§ ASSIGNED TASK:
Only one portion of the data is to be written out: from the line bearing "3) boot <box>405,310,473,365</box>" through the line bearing "19) tape roll <box>289,177,340,225</box>". Write it exactly as it appears.

§ SOURCE INFORMATION:

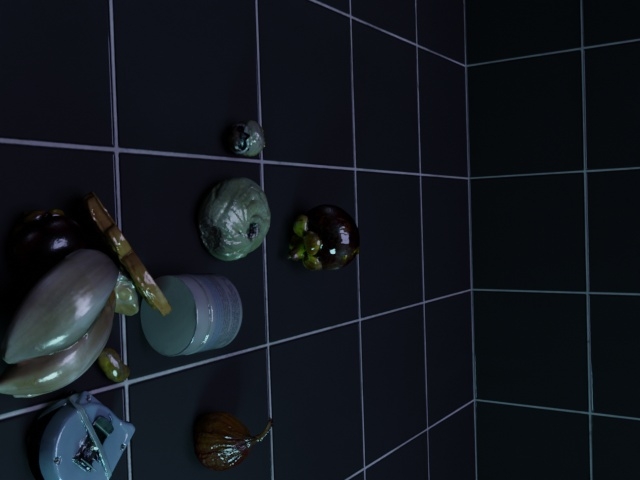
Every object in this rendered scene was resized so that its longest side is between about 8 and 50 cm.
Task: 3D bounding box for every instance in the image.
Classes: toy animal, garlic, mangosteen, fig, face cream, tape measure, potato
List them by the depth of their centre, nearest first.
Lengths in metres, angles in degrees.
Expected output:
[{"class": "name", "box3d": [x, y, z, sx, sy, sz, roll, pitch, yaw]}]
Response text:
[{"class": "garlic", "box3d": [-0.447, 0.146, 1.278, 0.325, 0.132, 0.279, -59, 167, -52]}, {"class": "mangosteen", "box3d": [-0.504, -0.001, 1.302, 0.140, 0.140, 0.140, 2, 88, -57]}, {"class": "tape measure", "box3d": [-0.462, 0.392, 1.359, 0.182, 0.107, 0.180, 56, 39, -43]}, {"class": "potato", "box3d": [-0.428, 0.261, 1.466, 0.046, 0.045, 0.092, -108, 174, -54]}, {"class": "face cream", "box3d": [-0.282, 0.160, 1.567, 0.153, 0.177, 0.177, 2, 87, -57]}, {"class": "fig", "box3d": [-0.194, 0.476, 1.684, 0.146, 0.201, 0.133, 49, 41, -52]}, {"class": "toy animal", "box3d": [-0.195, -0.257, 1.812, 0.098, 0.137, 0.098, 0, 88, -16]}, {"class": "mangosteen", "box3d": [0.000, 0.000, 2.009, 0.217, 0.192, 0.192, -22, 108, -36]}]

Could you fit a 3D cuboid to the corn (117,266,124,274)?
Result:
[{"class": "corn", "box3d": [-0.421, 0.101, 1.487, 0.037, 0.037, 0.092, -19, 106, -55]}]

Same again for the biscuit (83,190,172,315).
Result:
[{"class": "biscuit", "box3d": [-0.387, 0.032, 1.417, 0.044, 0.202, 0.288, -36, 118, -13]}]

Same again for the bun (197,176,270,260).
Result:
[{"class": "bun", "box3d": [-0.200, -0.056, 1.760, 0.221, 0.108, 0.221, 3, 86, -56]}]
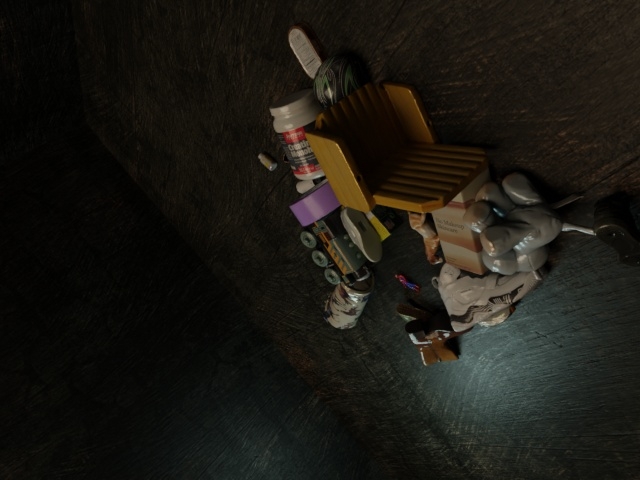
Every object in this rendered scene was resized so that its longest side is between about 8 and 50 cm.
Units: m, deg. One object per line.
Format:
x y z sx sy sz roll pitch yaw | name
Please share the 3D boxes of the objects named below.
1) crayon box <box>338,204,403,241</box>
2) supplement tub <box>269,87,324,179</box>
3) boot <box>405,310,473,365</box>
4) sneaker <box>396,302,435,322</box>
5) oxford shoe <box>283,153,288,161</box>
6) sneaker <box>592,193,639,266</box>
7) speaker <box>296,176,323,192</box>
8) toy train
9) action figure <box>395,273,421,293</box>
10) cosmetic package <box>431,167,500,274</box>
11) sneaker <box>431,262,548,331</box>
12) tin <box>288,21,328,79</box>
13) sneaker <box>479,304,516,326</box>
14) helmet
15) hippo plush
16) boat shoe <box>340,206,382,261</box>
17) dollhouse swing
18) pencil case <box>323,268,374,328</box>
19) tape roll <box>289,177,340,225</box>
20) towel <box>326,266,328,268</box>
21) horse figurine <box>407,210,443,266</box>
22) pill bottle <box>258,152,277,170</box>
0.154 -0.062 1.973 0.202 0.081 0.318 50 150 2 | crayon box
-0.048 -0.366 1.799 0.191 0.191 0.272 10 132 50 | supplement tub
0.487 0.396 1.991 0.263 0.096 0.280 -19 131 17 | boot
0.400 0.315 2.089 0.192 0.064 0.086 24 166 22 | sneaker
-0.082 -0.351 1.985 0.076 0.076 0.212 53 149 0 | oxford shoe
0.722 -0.028 1.229 0.227 0.130 0.087 31 146 -26 | sneaker
-0.043 -0.228 2.088 0.055 0.055 0.136 57 151 -11 | speaker
0.061 0.029 1.996 0.190 0.142 0.334 -21 105 50 | toy train
0.340 0.167 2.031 0.115 0.030 0.038 37 153 27 | action figure
0.429 -0.065 1.525 0.153 0.129 0.296 20 138 55 | cosmetic package
0.506 0.124 1.611 0.366 0.137 0.210 -44 70 42 | sneaker
-0.038 -0.608 1.673 0.190 0.040 0.106 57 155 -11 | tin
0.532 0.217 1.753 0.262 0.099 0.121 -14 107 57 | sneaker
0.057 -0.475 1.577 0.169 0.169 0.162 16 153 46 | helmet
0.541 -0.031 1.405 0.293 0.235 0.237 -10 146 12 | hippo plush
0.147 -0.024 1.877 0.228 0.079 0.081 60 159 -5 | boat shoe
0.217 -0.267 1.378 0.304 0.346 0.315 0 123 55 | dollhouse swing
0.120 0.243 2.288 0.183 0.160 0.410 32 148 10 | pencil case
0.024 -0.164 1.841 0.090 0.274 0.274 54 151 -9 | tape roll
0.000 0.000 2.196 0.285 0.034 0.209 64 173 -3 | towel
0.363 -0.048 1.716 0.263 0.066 0.174 51 145 -6 | horse figurine
-0.229 -0.342 2.229 0.083 0.043 0.043 43 150 14 | pill bottle
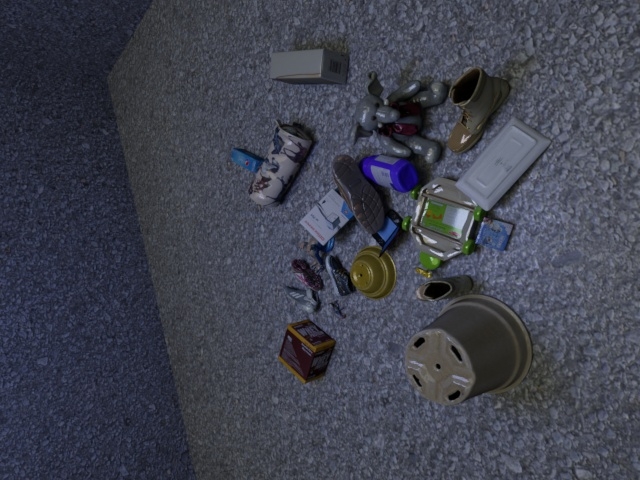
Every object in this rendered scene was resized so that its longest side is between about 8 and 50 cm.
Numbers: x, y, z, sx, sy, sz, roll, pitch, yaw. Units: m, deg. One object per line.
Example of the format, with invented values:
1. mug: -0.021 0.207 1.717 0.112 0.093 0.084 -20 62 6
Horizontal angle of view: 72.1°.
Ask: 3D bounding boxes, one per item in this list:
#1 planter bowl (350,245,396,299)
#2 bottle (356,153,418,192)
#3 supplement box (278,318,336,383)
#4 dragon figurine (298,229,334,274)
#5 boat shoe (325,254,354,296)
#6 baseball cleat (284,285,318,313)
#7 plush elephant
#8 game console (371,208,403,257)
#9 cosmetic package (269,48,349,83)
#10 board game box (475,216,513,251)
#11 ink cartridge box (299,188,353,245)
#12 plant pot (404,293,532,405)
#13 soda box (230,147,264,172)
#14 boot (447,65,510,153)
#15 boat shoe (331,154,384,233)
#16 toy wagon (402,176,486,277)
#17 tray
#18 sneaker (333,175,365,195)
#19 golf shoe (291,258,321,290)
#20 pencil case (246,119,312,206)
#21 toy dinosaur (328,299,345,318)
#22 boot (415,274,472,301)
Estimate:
1. planter bowl: 0.183 0.132 1.731 0.217 0.090 0.217 5 97 44
2. bottle: 0.233 -0.255 1.606 0.118 0.092 0.283 56 168 -30
3. supplement box: -0.063 0.492 1.973 0.191 0.129 0.194 33 116 37
4. dragon figurine: 0.000 0.000 1.895 0.085 0.144 0.289 19 88 43
5. boat shoe: 0.087 0.141 1.846 0.083 0.065 0.183 -21 86 41
6. baseball cleat: -0.081 0.247 2.022 0.206 0.072 0.109 36 102 33
7. plush elephant: 0.236 -0.427 1.510 0.330 0.255 0.271 21 108 41
8. game console: 0.244 -0.028 1.658 0.124 0.085 0.144 52 127 27
9. cosmetic package: -0.051 -0.716 1.825 0.309 0.160 0.113 17 106 43
10. board game box: 0.549 -0.021 1.392 0.090 0.020 0.090 18 108 16
11. ink cartridge box: 0.030 -0.092 1.773 0.139 0.082 0.190 44 90 0
12. plant pot: 0.431 0.354 1.366 0.334 0.305 0.333 5 98 44
13. soda box: -0.363 -0.403 2.212 0.210 0.071 0.067 32 116 37
14. boot: 0.446 -0.391 1.348 0.095 0.203 0.262 52 124 28
15. boat shoe: 0.142 -0.175 1.687 0.324 0.123 0.116 64 172 -2
16. toy wagon: 0.409 -0.039 1.514 0.267 0.068 0.344 27 112 40
17. tray: 0.548 -0.236 1.346 0.145 0.030 0.270 48 111 28
18. sneaker: 0.119 -0.204 1.779 0.162 0.063 0.073 -20 83 43
19. golf shoe: -0.060 0.165 1.995 0.186 0.067 0.086 45 154 26
20. pencil case: -0.197 -0.336 1.997 0.183 0.160 0.410 41 122 14
21. toy dinosaur: 0.076 0.300 1.899 0.082 0.047 0.090 67 165 4
22. boot: 0.383 0.169 1.489 0.213 0.165 0.077 -21 79 41
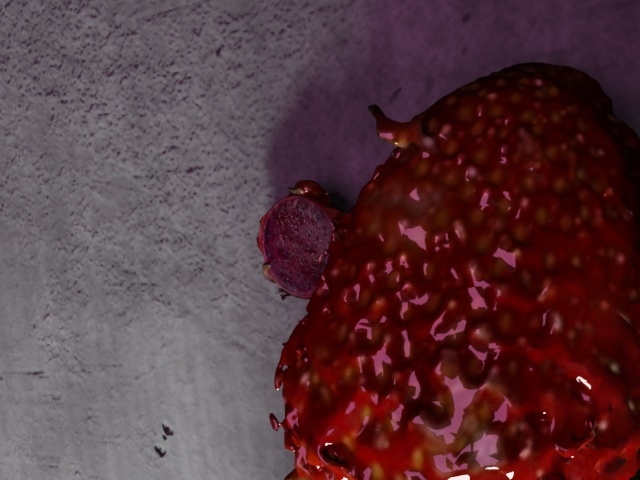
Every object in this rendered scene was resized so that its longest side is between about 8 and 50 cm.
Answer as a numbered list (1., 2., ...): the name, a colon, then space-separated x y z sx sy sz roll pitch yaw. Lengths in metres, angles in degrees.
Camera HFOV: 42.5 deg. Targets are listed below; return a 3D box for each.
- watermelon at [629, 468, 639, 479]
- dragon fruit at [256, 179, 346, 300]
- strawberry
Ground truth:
1. watermelon: 0.280 0.212 0.648 0.094 0.125 0.135 23 91 7
2. dragon fruit: -0.004 0.001 0.783 0.112 0.068 0.126 44 128 28
3. strawberry: 0.100 0.042 0.609 0.292 0.292 0.344 0 95 28
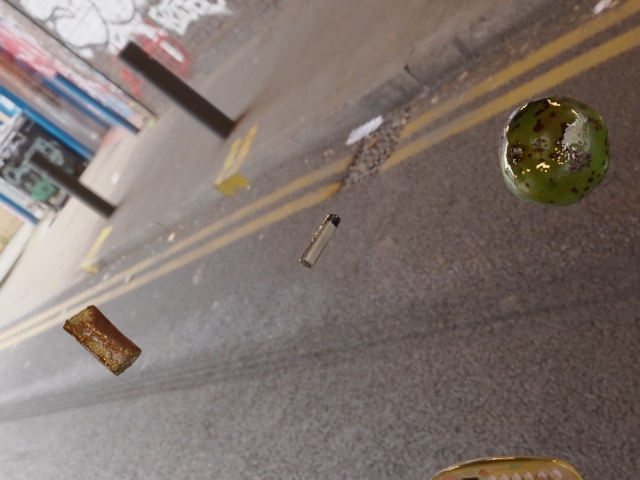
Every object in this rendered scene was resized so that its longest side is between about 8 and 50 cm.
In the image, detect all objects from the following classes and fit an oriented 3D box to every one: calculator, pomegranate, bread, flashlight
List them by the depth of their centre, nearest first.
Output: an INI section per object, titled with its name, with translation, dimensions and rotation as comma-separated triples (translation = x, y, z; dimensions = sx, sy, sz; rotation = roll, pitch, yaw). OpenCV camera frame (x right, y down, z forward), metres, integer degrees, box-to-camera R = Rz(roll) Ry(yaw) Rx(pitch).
[bread]
translation = -0.245, 0.112, 0.960
dimensions = 0.047, 0.083, 0.036
rotation = -43, -7, -49
[flashlight]
translation = 0.000, 0.000, 1.137
dimensions = 0.018, 0.018, 0.083
rotation = -12, 39, 52
[calculator]
translation = 0.286, 0.361, 1.226
dimensions = 0.236, 0.157, 0.033
rotation = -16, 30, 39
[pomegranate]
translation = 0.442, -0.163, 1.574
dimensions = 0.211, 0.263, 0.211
rotation = 5, 97, 52
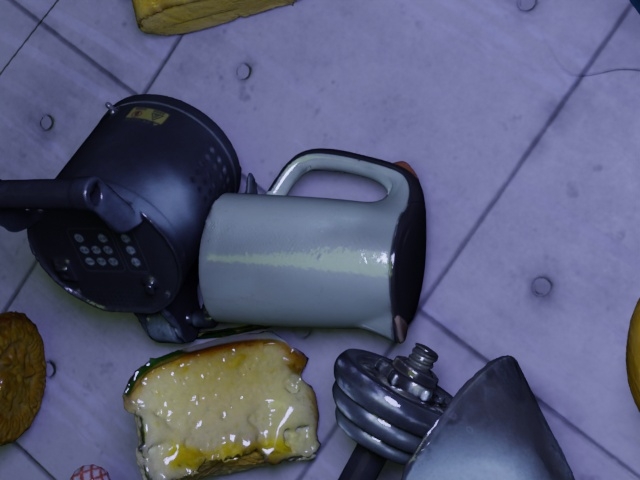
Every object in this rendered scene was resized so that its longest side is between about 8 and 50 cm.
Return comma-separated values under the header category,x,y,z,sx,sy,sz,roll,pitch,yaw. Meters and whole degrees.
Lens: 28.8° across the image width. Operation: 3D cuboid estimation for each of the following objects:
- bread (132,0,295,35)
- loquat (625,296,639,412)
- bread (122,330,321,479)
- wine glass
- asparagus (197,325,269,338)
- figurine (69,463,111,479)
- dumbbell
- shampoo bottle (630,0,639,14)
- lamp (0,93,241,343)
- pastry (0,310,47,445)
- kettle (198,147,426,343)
category,x,y,z,sx,sy,sz,roll,pitch,yaw
bread,-0.140,-0.343,1.651,0.246,0.102,0.094,-11,83,22
loquat,0.451,0.134,1.284,0.275,0.275,0.274,-2,84,22
bread,-0.135,0.221,1.580,0.133,0.252,0.174,-35,68,61
wine glass,0.301,0.331,1.316,0.406,0.267,0.267,30,96,22
asparagus,-0.101,0.116,1.637,0.166,0.013,0.016,-10,92,21
figurine,-0.273,0.430,1.598,0.370,0.167,0.281,-7,87,12
dumbbell,0.031,0.302,1.469,0.179,0.179,0.406,31,99,22
shampoo bottle,0.468,-0.359,1.286,0.343,0.331,0.331,-36,73,13
lamp,-0.229,-0.059,1.557,0.205,0.374,0.272,-1,58,24
pastry,-0.450,0.179,1.682,0.103,0.189,0.188,5,87,20
kettle,0.000,0.000,1.529,0.255,0.165,0.240,2,75,20
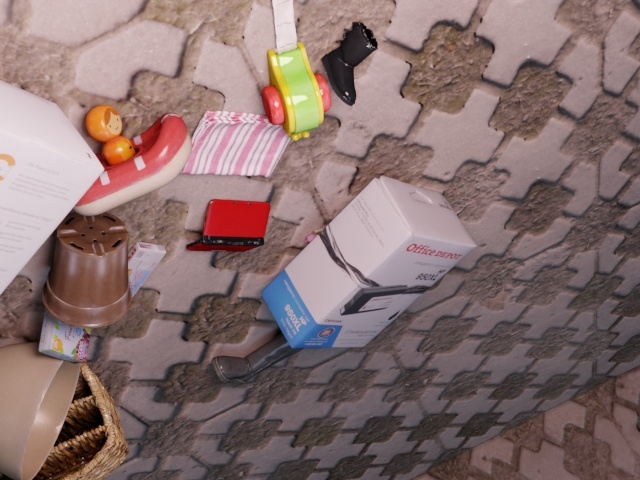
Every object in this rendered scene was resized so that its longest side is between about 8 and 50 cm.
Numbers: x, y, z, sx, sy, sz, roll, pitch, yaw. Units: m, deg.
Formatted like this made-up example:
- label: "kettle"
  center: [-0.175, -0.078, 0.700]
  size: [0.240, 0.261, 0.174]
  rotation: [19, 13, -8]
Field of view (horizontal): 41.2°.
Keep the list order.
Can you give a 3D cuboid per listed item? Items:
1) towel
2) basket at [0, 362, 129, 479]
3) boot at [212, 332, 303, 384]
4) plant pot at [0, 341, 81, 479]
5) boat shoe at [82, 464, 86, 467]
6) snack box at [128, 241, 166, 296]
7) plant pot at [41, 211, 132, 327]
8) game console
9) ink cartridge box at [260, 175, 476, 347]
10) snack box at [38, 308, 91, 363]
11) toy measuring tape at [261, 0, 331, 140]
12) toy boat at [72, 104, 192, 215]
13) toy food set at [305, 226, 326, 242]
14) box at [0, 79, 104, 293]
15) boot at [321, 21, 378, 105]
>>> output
- label: "towel"
  center: [-0.147, -0.170, 1.562]
  size: [0.197, 0.029, 0.144]
  rotation: [0, 139, -34]
- label: "basket"
  center: [-0.612, 0.454, 1.931]
  size: [0.299, 0.214, 0.223]
  rotation: [-21, 147, -8]
- label: "boot"
  center: [-0.149, 0.286, 2.139]
  size: [0.208, 0.076, 0.189]
  rotation: [-26, 161, 12]
- label: "plant pot"
  center: [-0.635, 0.327, 1.738]
  size: [0.190, 0.284, 0.284]
  rotation: [18, 137, -1]
- label: "boat shoe"
  center: [-0.665, 0.575, 2.200]
  size: [0.184, 0.066, 0.063]
  rotation: [-16, 135, -14]
- label: "snack box"
  center: [-0.386, 0.071, 1.735]
  size: [0.064, 0.022, 0.178]
  rotation: [10, 132, -43]
- label: "plant pot"
  center: [-0.423, 0.044, 1.564]
  size: [0.166, 0.167, 0.165]
  rotation: [-7, 133, -27]
- label: "game console"
  center: [-0.189, -0.028, 1.741]
  size: [0.144, 0.085, 0.124]
  rotation: [2, 168, -35]
- label: "ink cartridge box"
  center: [0.108, 0.062, 1.900]
  size: [0.395, 0.166, 0.285]
  rotation: [-45, 150, 25]
- label: "snack box"
  center: [-0.497, 0.161, 1.677]
  size: [0.037, 0.141, 0.100]
  rotation: [-12, 154, 27]
- label: "toy measuring tape"
  center: [-0.041, -0.278, 1.410]
  size: [0.121, 0.121, 0.330]
  rotation: [-18, 146, -12]
- label: "toy boat"
  center: [-0.331, -0.152, 1.393]
  size: [0.231, 0.151, 0.151]
  rotation: [-24, 117, -3]
- label: "toy food set"
  center: [0.000, 0.000, 1.902]
  size: [0.077, 0.019, 0.122]
  rotation: [-13, 151, -18]
- label: "box"
  center: [-0.529, -0.057, 1.254]
  size: [0.345, 0.168, 0.215]
  rotation: [-47, 153, 12]
- label: "boot"
  center: [0.057, -0.302, 1.443]
  size: [0.099, 0.121, 0.045]
  rotation: [-38, 147, 28]
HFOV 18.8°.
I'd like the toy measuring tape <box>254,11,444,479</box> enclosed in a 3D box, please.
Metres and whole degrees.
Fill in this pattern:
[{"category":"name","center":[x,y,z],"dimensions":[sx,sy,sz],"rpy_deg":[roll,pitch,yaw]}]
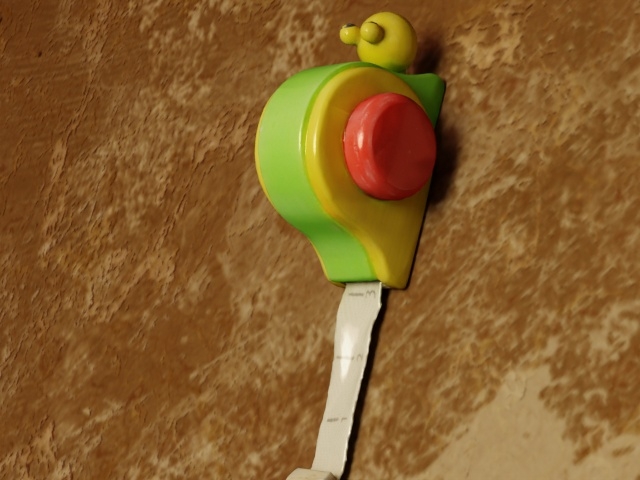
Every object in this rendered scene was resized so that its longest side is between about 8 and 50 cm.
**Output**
[{"category":"toy measuring tape","center":[0.000,0.000,1.241],"dimensions":[0.121,0.121,0.330],"rpy_deg":[-2,69,49]}]
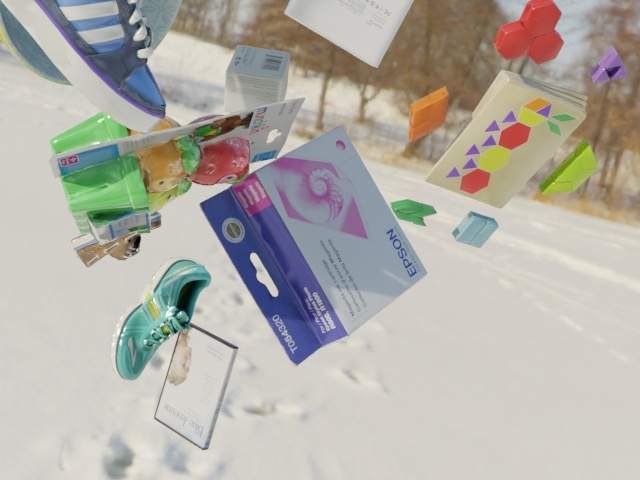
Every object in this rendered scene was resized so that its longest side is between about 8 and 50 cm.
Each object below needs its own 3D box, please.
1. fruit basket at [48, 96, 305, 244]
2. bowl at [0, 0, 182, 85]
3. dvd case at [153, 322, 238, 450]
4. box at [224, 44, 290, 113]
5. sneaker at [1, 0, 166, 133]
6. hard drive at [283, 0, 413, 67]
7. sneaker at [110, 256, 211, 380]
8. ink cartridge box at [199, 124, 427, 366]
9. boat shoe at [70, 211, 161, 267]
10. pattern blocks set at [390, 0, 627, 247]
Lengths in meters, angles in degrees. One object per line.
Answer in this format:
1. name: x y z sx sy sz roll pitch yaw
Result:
1. fruit basket: -0.208 -0.108 1.380 0.353 0.165 0.327 -10 -8 -12
2. bowl: -0.340 -0.371 1.256 0.156 0.289 0.289 35 18 36
3. dvd case: -0.292 0.333 2.161 0.180 0.253 0.022 21 8 36
4. box: -0.112 -0.281 1.650 0.102 0.087 0.101 9 40 2
5. sneaker: -0.214 -0.298 1.029 0.323 0.236 0.130 50 9 -29
6. hard drive: 0.096 -0.516 1.740 0.210 0.318 0.040 26 6 -26
7. sneaker: -0.316 0.155 1.835 0.110 0.275 0.107 21 -17 35
8. ink cartridge box: 0.000 0.000 1.624 0.330 0.324 0.071 -34 6 -41
9. boat shoe: -0.351 -0.001 1.648 0.183 0.066 0.066 -17 10 24
10. pattern blocks set: 0.228 -0.124 1.142 0.285 0.325 0.026 25 33 -36
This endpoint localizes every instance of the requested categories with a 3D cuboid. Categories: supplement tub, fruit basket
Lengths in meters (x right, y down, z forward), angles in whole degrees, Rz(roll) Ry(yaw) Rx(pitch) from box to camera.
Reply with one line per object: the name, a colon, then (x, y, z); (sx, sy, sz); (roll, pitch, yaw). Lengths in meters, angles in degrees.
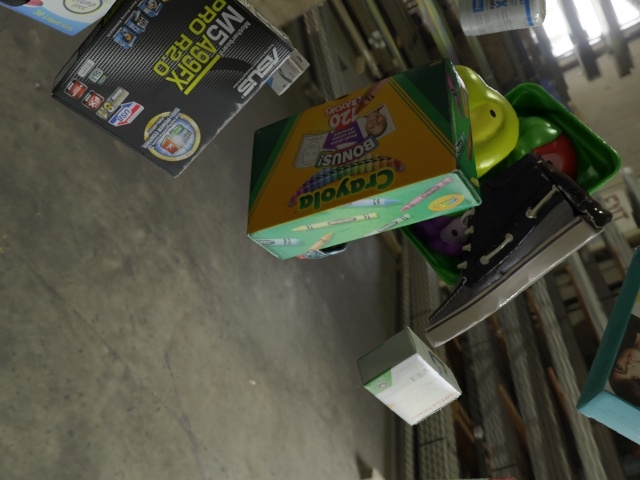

§ TASK SOLUTION:
3) boot <box>405,310,473,365</box>
4) sneaker <box>396,302,435,322</box>
5) oxford shoe <box>283,153,288,161</box>
6) sneaker <box>592,193,639,266</box>
7) speaker <box>296,176,323,192</box>
8) toy train
9) action figure <box>395,273,421,293</box>
10) cosmetic package <box>431,167,500,274</box>
11) sneaker <box>431,262,548,331</box>
12) tin <box>288,21,328,79</box>
13) sneaker <box>479,304,516,326</box>
14) helmet
15) hippo plush
16) boat shoe <box>340,206,382,261</box>
17) dollhouse swing
18) pencil case <box>323,268,374,328</box>
19) tape roll <box>289,177,340,225</box>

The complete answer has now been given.